Quite a number of my analyst colleagues were in sunny Cape Town for the AfricaCom conference last week. I on the other hand have just returned from more northerly climes, from an Ericsson industry analyst forum held in a decidedly chillier Stockholm. I was struck by a number of things at this event, the first and foremost being how thoroughly Ericsson is seeking to reposition itself.

November 17, 2012

4 Min Read
Practice makes perfect at Ericsson
The largest number of job cuts were in the Swedish capital Stockholm.

By Kris Szaniawski

Quite a number of my analyst colleagues were in sunny Cape Town for the AfricaCom conference last week. I on the other hand have just returned from more northerly climes, from an Ericsson industry analyst forum held in a decidedly chillier Stockholm.

I was struck by a number of things at this event, the first and foremost being how thoroughly Ericsson is seeking to reposition itself. The first morning in Ericsson’s Kista HQ focused on consumer research, OSS/BSS, Services and opportunities in new industry verticals – in other words everything except for its historical network infrastructure business. This oversight was addressed later on but I think there’s a lot to be deduced from the pecking order at such events.

Ericsson is certainly placing a great deal of emphasis on its reinvention as an ICT solution provider. One of the topics that generated most heat at the event – both from Ericsson executives and analysts – was a presentation on Ericsson’s ‘go to market’ strategy and how the company is proposing to make the transition from product supplier to ICT solution provider.

One executive went so far as to say that Ericsson was looking to make a similar transformation to the one Amdocs has made over the past decade.
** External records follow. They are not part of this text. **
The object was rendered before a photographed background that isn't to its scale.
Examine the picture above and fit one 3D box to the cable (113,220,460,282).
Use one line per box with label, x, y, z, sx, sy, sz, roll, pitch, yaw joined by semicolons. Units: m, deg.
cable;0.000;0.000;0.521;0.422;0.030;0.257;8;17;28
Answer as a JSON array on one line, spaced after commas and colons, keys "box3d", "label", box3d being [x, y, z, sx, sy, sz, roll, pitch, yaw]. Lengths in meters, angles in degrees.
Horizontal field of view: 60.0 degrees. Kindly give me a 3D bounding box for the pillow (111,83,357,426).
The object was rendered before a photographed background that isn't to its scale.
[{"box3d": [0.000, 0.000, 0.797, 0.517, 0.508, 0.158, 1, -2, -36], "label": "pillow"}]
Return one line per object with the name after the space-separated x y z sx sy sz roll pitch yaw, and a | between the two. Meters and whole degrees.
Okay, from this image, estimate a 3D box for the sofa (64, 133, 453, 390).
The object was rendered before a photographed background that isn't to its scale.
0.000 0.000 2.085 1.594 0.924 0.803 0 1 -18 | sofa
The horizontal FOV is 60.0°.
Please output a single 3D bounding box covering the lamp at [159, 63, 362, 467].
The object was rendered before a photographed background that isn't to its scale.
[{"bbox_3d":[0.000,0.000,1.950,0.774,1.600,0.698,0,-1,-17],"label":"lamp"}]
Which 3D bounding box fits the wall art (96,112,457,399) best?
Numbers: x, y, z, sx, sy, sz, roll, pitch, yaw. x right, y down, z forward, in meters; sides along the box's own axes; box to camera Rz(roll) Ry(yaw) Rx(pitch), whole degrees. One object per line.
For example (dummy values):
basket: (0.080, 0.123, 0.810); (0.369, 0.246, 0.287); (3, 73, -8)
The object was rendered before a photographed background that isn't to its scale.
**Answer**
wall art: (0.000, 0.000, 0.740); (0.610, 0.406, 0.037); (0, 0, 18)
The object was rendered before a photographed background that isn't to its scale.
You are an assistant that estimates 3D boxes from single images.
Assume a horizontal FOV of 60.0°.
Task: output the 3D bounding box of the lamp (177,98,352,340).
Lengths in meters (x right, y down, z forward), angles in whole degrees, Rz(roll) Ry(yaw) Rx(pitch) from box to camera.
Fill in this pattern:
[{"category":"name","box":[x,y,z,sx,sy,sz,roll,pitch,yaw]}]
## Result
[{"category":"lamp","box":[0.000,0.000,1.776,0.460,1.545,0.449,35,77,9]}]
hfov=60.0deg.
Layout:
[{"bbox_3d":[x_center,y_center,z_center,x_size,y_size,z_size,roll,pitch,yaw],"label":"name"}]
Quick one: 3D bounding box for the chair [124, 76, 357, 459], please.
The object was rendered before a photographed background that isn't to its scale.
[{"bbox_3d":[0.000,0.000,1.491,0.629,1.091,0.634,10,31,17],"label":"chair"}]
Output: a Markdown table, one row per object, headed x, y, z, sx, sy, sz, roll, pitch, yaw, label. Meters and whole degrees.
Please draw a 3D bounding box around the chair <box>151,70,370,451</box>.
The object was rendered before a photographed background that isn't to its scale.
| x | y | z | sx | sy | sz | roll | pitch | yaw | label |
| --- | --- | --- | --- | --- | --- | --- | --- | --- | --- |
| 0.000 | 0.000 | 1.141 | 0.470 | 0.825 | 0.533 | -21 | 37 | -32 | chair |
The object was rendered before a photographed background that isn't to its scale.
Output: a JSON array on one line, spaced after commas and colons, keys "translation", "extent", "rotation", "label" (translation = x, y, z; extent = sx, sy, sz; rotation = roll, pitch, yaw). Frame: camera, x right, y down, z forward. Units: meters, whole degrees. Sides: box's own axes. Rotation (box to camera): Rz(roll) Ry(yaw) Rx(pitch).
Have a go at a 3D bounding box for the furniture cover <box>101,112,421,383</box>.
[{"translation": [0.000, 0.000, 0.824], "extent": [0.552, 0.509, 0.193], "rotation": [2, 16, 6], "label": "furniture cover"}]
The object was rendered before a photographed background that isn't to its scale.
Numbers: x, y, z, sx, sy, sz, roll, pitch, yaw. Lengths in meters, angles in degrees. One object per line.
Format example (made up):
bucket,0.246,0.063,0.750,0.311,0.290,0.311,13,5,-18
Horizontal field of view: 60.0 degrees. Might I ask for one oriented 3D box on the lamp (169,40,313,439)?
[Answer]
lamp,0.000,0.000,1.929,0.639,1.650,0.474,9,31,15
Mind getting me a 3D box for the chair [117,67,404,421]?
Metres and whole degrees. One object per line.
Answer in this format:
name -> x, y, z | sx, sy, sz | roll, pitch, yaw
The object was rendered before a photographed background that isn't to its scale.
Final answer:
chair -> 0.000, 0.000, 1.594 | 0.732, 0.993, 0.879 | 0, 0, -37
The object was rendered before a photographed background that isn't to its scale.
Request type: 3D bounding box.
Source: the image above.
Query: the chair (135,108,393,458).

That struck me as a dramatic statement of intent, although presumably it won’t also involve relocating to Chesterfield, Missouri.

Ericsson says this strategic change of emphasis is being backed up by investment in new capabilities, including new categories of staff, although no doubt the changing mix of skill sets will also be helped along by the latest round of redundancies.

Ericsson is expecting support solutions to grow at compound annual growth rate of 9-11 per cent between 2012 and 2015 and for telecoms services to grow by 5-7 per cent over the same period compared to a mere 3-5 per cent for the network equipment market, so some restructuring is inevitable. However, the changes Ericsson is implementing go beyond what you would expect just because one business line is set to grow faster than another.

Over the past years as Ericsson has grown its services business it has brought in people with services skills from telecom operators but it is now also increasingly recruiting people with strong consulting and SI competencies from companies such as Amdocs and Accenture. Practice leaders appear to have been high up on the recruitment wish list in order to reinforce a ‘go to market’ strategy that combines Ericsson’s traditional technology capabilities with customer-facing practices.

Ericsson has created seven formal customer-facing engagement practices: Communications services, Mobile broadband, Broadband and convergence, Managed services, Operation and business support systems, Television and media management, and Consumer and business applications. These in turn are bolstered by competence centres – such as BSS, OSS or RAN – that leverage their skills across the seven practices. All of which makes for a remarkably similar structure to consulting and technology services companies such as Accenture.

Presumably there is also an expectation that much of the value of future engagements will come from the increasing focus on knowledge-based customer relationships rather than just the technology itself. Ericsson aims to create more centralized delivery models in order to make complex projects more manageable and I noticed that ‘automation’ and ‘industrialization’ were key words that kept cropping up during the course of the event. With 12,000+ ICT consulting and Systems Integration staff Ericsson is convinced that it will have the E2E capability to handle everything from signalling to CRM not just from a technology but also a business transformation perspective.

Ericsson’s repositioning is a logical shift in emphasis for a vendor seeking to differentiate itself from the Chinese competition but at the same time it puts it in conflict with a whole set of new competitors such as Amdocs, Accenture, HP and IBM or for that matter Tech Mahindra or Infosys. Ericsson counters this criticism by saying that in order to remain market leader and to flourish in a rapidly-changing environment it needs to reposition itself as an ICT solution provider.

A logical shift it may be, but it’s a crowded market and Ericsson will need to make good use of its strong network and telecoms heritage to differentiate itself against other solution providers and global technology services companies.